DIRECTIONS FOR THIS TASK: Word for word, restate every record, though not the pictures.

MATERIAL FOR THIS TASK:
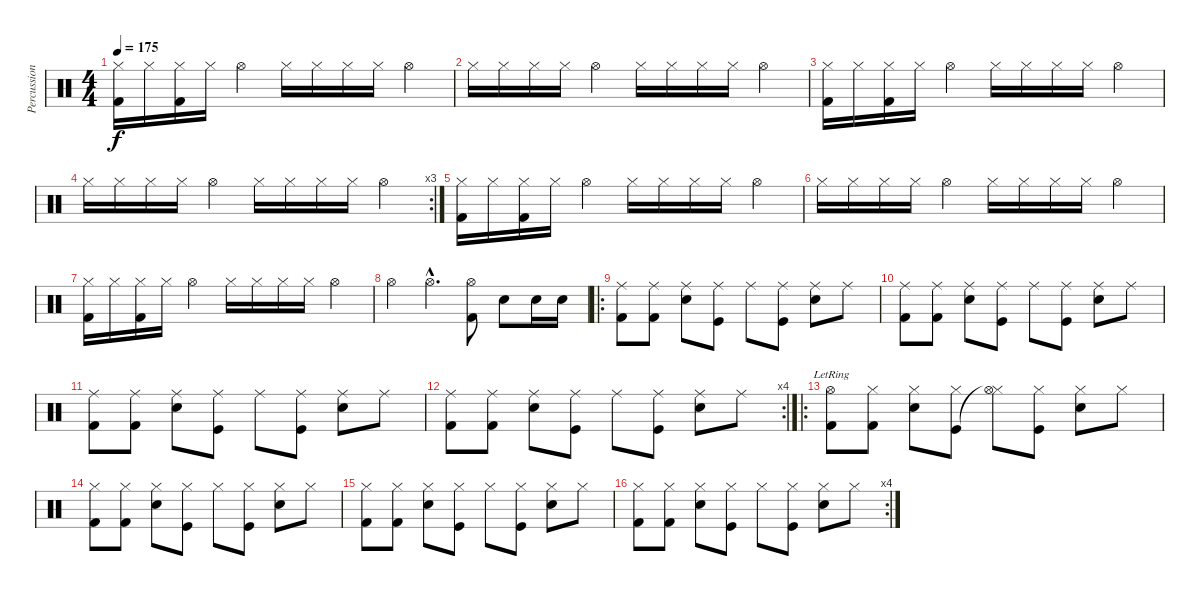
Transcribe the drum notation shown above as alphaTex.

\track ("Percussions" "Percussion") {instrument percussion}
\staff {score}
\articulation defaults
\ts (4 4)
\tempo 175
\clef neutral
\ks c
("Hi-Hat (closed)" "Kick (hit) 2").16{dy f} "Hi-Hat (closed)".16 ("Hi-Hat (closed)" "Kick (hit) 2").16 "Hi-Hat (closed)".16 "Hi-Hat (open)".4 "Hi-Hat (closed)".16 "Hi-Hat (closed)".16 "Hi-Hat (closed)".16 "Hi-Hat (closed)".16 "Hi-Hat (open)".4 |
"Hi-Hat (closed)".16 "Hi-Hat (closed)".16 "Hi-Hat (closed)".16 "Hi-Hat (closed)".16 "Hi-Hat (open)".4 "Hi-Hat (closed)".16 "Hi-Hat (closed)".16 "Hi-Hat (closed)".16 "Hi-Hat (closed)".16 "Hi-Hat (open)".4 |
("Hi-Hat (closed)" "Kick (hit) 2").16 "Hi-Hat (closed)".16 ("Hi-Hat (closed)" "Kick (hit) 2").16 "Hi-Hat (closed)".16 "Hi-Hat (open)".4 "Hi-Hat (closed)".16 "Hi-Hat (closed)".16 "Hi-Hat (closed)".16 "Hi-Hat (closed)".16 "Hi-Hat (open)".4 |
\rc 3 "Hi-Hat (closed)".16 "Hi-Hat (closed)".16 "Hi-Hat (closed)".16 "Hi-Hat (closed)".16 "Hi-Hat (open)".4 "Hi-Hat (closed)".16 "Hi-Hat (closed)".16 "Hi-Hat (closed)".16 "Hi-Hat (closed)".16 "Hi-Hat (open)".4
|
("Hi-Hat (closed)" "Kick (hit) 2").16 "Hi-Hat (closed)".16 ("Hi-Hat (closed)" "Kick (hit) 2").16 "Hi-Hat (closed)".16 "Hi-Hat (open)".4 "Hi-Hat (closed)".16 "Hi-Hat (closed)".16 "Hi-Hat (closed)".16 "Hi-Hat (closed)".16 "Hi-Hat (open)".4 |
"Hi-Hat (closed)".16 "Hi-Hat (closed)".16 "Hi-Hat (closed)".16 "Hi-Hat (closed)".16 "Hi-Hat (open)".4 "Hi-Hat (closed)".16 "Hi-Hat (closed)".16 "Hi-Hat (closed)".16 "Hi-Hat (closed)".16 "Hi-Hat (open)".4 |
("Hi-Hat (closed)" "Kick (hit) 2").16 "Hi-Hat (closed)".16 ("Hi-Hat (closed)" "Kick (hit) 2").16 "Hi-Hat (closed)".16 "Hi-Hat (open)".4 "Hi-Hat (closed)".16 "Hi-Hat (closed)".16 "Hi-Hat (closed)".16 "Hi-Hat (closed)".16 "Hi-Hat (open)".4 |
"Hi-Hat (open)".4 "Hi-Hat (open)"{hac}.4{d} ("Hi-Hat (open)" "Kick (hit) 2").8 "Snare (hit) 2".8 "Snare (hit) 2".16 "Snare (hit) 2".16 |
\ro
("Ride (middle)" "Kick (hit) 2").8 ("Ride (middle)" "Kick (hit) 2").8 ("Ride (middle)" "Snare (hit) 2").8 ("Ride (middle)" "Kick (hit)").8 "Ride (middle)".8 ("Ride (middle)" "Kick (hit)").8 ("Ride (middle)" "Snare (hit) 2").8 "Ride (middle)".8 |
("Ride (middle)" "Kick (hit) 2").8 ("Ride (middle)" "Kick (hit) 2").8 ("Ride (middle)" "Snare (hit) 2").8 ("Ride (middle)" "Kick (hit)").8 "Ride (middle)".8 ("Ride (middle)" "Kick (hit)").8 ("Ride (middle)" "Snare (hit) 2").8 "Ride (middle)".8 |
("Ride (middle)" "Kick (hit) 2").8 ("Ride (middle)" "Kick (hit) 2").8 ("Ride (middle)" "Snare (hit) 2").8 ("Ride (middle)" "Kick (hit)").8 "Ride (middle)".8 ("Ride (middle)" "Kick (hit)").8 ("Ride (middle)" "Snare (hit) 2").8 "Ride (middle)".8 |
\rc 4
("Ride (middle)" "Kick (hit) 2").8 ("Ride (middle)" "Kick (hit) 2").8 ("Ride (middle)" "Snare (hit) 2").8 ("Ride (middle)" "Kick (hit)").8 "Ride (middle)".8 ("Ride (middle)" "Kick (hit)").8 ("Ride (middle)" "Snare (hit) 2").8 "Ride (middle)".8 |
\ro
("Hi-Hat (open)"{lr} "Kick (hit) 2").8 ("Hi-Hat (closed)" "Kick (hit) 2").8 ("Hi-Hat (closed)" "Snare (hit) 2").8 ("Hi-Hat (closed)" "Kick (hit)").8 ("Hi-Hat (closed)" "Hi-Hat (open)"{t}).8 ("Hi-Hat (closed)" "Kick (hit)").8 ("Hi-Hat (closed)" "Snare (hit) 2").8 "Hi-Hat (closed)".8 |
("Hi-Hat (closed)" "Kick (hit) 2").8 ("Hi-Hat (closed)" "Kick (hit) 2").8 ("Hi-Hat (closed)" "Snare (hit) 2").8 ("Hi-Hat (closed)" "Kick (hit)").8 "Hi-Hat (closed)".8 ("Hi-Hat (closed)" "Kick (hit)").8 ("Hi-Hat (closed)" "Snare (hit) 2").8 "Hi-Hat (closed)".8 |
("Hi-Hat (closed)" "Kick (hit) 2").8 ("Hi-Hat (closed)" "Kick (hit) 2").8 ("Hi-Hat (closed)" "Snare (hit) 2").8 ("Hi-Hat (closed)" "Kick (hit)").8 "Hi-Hat (closed)".8 ("Hi-Hat (closed)" "Kick (hit)").8 ("Hi-Hat (closed)" "Snare (hit) 2").8 "Hi-Hat (closed)".8 |
\rc 4
("Hi-Hat (closed)" "Kick (hit) 2").8 ("Hi-Hat (closed)" "Kick (hit) 2").8 ("Hi-Hat (closed)" "Snare (hit) 2").8 ("Hi-Hat (closed)" "Kick (hit)").8 "Hi-Hat (closed)".8 ("Hi-Hat (closed)" "Kick (hit)").8 ("Hi-Hat (closed)" "Snare (hit) 2").8 "Hi-Hat (closed)".8

TASK SOLUTION:
Transcribe the drum notation shown above as alphaTex.

\track ("Percussions" "Percussion") {instrument percussion}
\staff {score}
\articulation defaults
\ts (4 4)
\tempo 175
\clef neutral
\ks c
("Hi-Hat (closed)" "Kick (hit) 2").16{dy f} "Hi-Hat (closed)".16 ("Hi-Hat (closed)" "Kick (hit) 2").16 "Hi-Hat (closed)".16 "Hi-Hat (open)".4 "Hi-Hat (closed)".16 "Hi-Hat (closed)".16 "Hi-Hat (closed)".16 "Hi-Hat (closed)".16 "Hi-Hat (open)".4 |
"Hi-Hat (closed)".16 "Hi-Hat (closed)".16 "Hi-Hat (closed)".16 "Hi-Hat (closed)".16 "Hi-Hat (open)".4 "Hi-Hat (closed)".16 "Hi-Hat (closed)".16 "Hi-Hat (closed)".16 "Hi-Hat (closed)".16 "Hi-Hat (open)".4 |
("Hi-Hat (closed)" "Kick (hit) 2").16 "Hi-Hat (closed)".16 ("Hi-Hat (closed)" "Kick (hit) 2").16 "Hi-Hat (closed)".16 "Hi-Hat (open)".4 "Hi-Hat (closed)".16 "Hi-Hat (closed)".16 "Hi-Hat (closed)".16 "Hi-Hat (closed)".16 "Hi-Hat (open)".4 |
\rc 3 "Hi-Hat (closed)".16 "Hi-Hat (closed)".16 "Hi-Hat (closed)".16 "Hi-Hat (closed)".16 "Hi-Hat (open)".4 "Hi-Hat (closed)".16 "Hi-Hat (closed)".16 "Hi-Hat (closed)".16 "Hi-Hat (closed)".16 "Hi-Hat (open)".4
|
("Hi-Hat (closed)" "Kick (hit) 2").16 "Hi-Hat (closed)".16 ("Hi-Hat (closed)" "Kick (hit) 2").16 "Hi-Hat (closed)".16 "Hi-Hat (open)".4 "Hi-Hat (closed)".16 "Hi-Hat (closed)".16 "Hi-Hat (closed)".16 "Hi-Hat (closed)".16 "Hi-Hat (open)".4 |
"Hi-Hat (closed)".16 "Hi-Hat (closed)".16 "Hi-Hat (closed)".16 "Hi-Hat (closed)".16 "Hi-Hat (open)".4 "Hi-Hat (closed)".16 "Hi-Hat (closed)".16 "Hi-Hat (closed)".16 "Hi-Hat (closed)".16 "Hi-Hat (open)".4 |
("Hi-Hat (closed)" "Kick (hit) 2").16 "Hi-Hat (closed)".16 ("Hi-Hat (closed)" "Kick (hit) 2").16 "Hi-Hat (closed)".16 "Hi-Hat (open)".4 "Hi-Hat (closed)".16 "Hi-Hat (closed)".16 "Hi-Hat (closed)".16 "Hi-Hat (closed)".16 "Hi-Hat (open)".4 |
"Hi-Hat (open)".4 "Hi-Hat (open)"{hac}.4{d} ("Hi-Hat (open)" "Kick (hit) 2").8 "Snare (hit) 2".8 "Snare (hit) 2".16 "Snare (hit) 2".16 |
\ro
("Ride (middle)" "Kick (hit) 2").8 ("Ride (middle)" "Kick (hit) 2").8 ("Ride (middle)" "Snare (hit) 2").8 ("Ride (middle)" "Kick (hit)").8 "Ride (middle)".8 ("Ride (middle)" "Kick (hit)").8 ("Ride (middle)" "Snare (hit) 2").8 "Ride (middle)".8 |
("Ride (middle)" "Kick (hit) 2").8 ("Ride (middle)" "Kick (hit) 2").8 ("Ride (middle)" "Snare (hit) 2").8 ("Ride (middle)" "Kick (hit)").8 "Ride (middle)".8 ("Ride (middle)" "Kick (hit)").8 ("Ride (middle)" "Snare (hit) 2").8 "Ride (middle)".8 |
("Ride (middle)" "Kick (hit) 2").8 ("Ride (middle)" "Kick (hit) 2").8 ("Ride (middle)" "Snare (hit) 2").8 ("Ride (middle)" "Kick (hit)").8 "Ride (middle)".8 ("Ride (middle)" "Kick (hit)").8 ("Ride (middle)" "Snare (hit) 2").8 "Ride (middle)".8 |
\rc 4
("Ride (middle)" "Kick (hit) 2").8 ("Ride (middle)" "Kick (hit) 2").8 ("Ride (middle)" "Snare (hit) 2").8 ("Ride (middle)" "Kick (hit)").8 "Ride (middle)".8 ("Ride (middle)" "Kick (hit)").8 ("Ride (middle)" "Snare (hit) 2").8 "Ride (middle)".8 |
\ro
("Hi-Hat (open)"{lr} "Kick (hit) 2").8 ("Hi-Hat (closed)" "Kick (hit) 2").8 ("Hi-Hat (closed)" "Snare (hit) 2").8 ("Hi-Hat (closed)" "Kick (hit)").8 ("Hi-Hat (closed)" "Hi-Hat (open)"{t}).8 ("Hi-Hat (closed)" "Kick (hit)").8 ("Hi-Hat (closed)" "Snare (hit) 2").8 "Hi-Hat (closed)".8 |
("Hi-Hat (closed)" "Kick (hit) 2").8 ("Hi-Hat (closed)" "Kick (hit) 2").8 ("Hi-Hat (closed)" "Snare (hit) 2").8 ("Hi-Hat (closed)" "Kick (hit)").8 "Hi-Hat (closed)".8 ("Hi-Hat (closed)" "Kick (hit)").8 ("Hi-Hat (closed)" "Snare (hit) 2").8 "Hi-Hat (closed)".8 |
("Hi-Hat (closed)" "Kick (hit) 2").8 ("Hi-Hat (closed)" "Kick (hit) 2").8 ("Hi-Hat (closed)" "Snare (hit) 2").8 ("Hi-Hat (closed)" "Kick (hit)").8 "Hi-Hat (closed)".8 ("Hi-Hat (closed)" "Kick (hit)").8 ("Hi-Hat (closed)" "Snare (hit) 2").8 "Hi-Hat (closed)".8 |
\rc 4
("Hi-Hat (closed)" "Kick (hit) 2").8 ("Hi-Hat (closed)" "Kick (hit) 2").8 ("Hi-Hat (closed)" "Snare (hit) 2").8 ("Hi-Hat (closed)" "Kick (hit)").8 "Hi-Hat (closed)".8 ("Hi-Hat (closed)" "Kick (hit)").8 ("Hi-Hat (closed)" "Snare (hit) 2").8 "Hi-Hat (closed)".8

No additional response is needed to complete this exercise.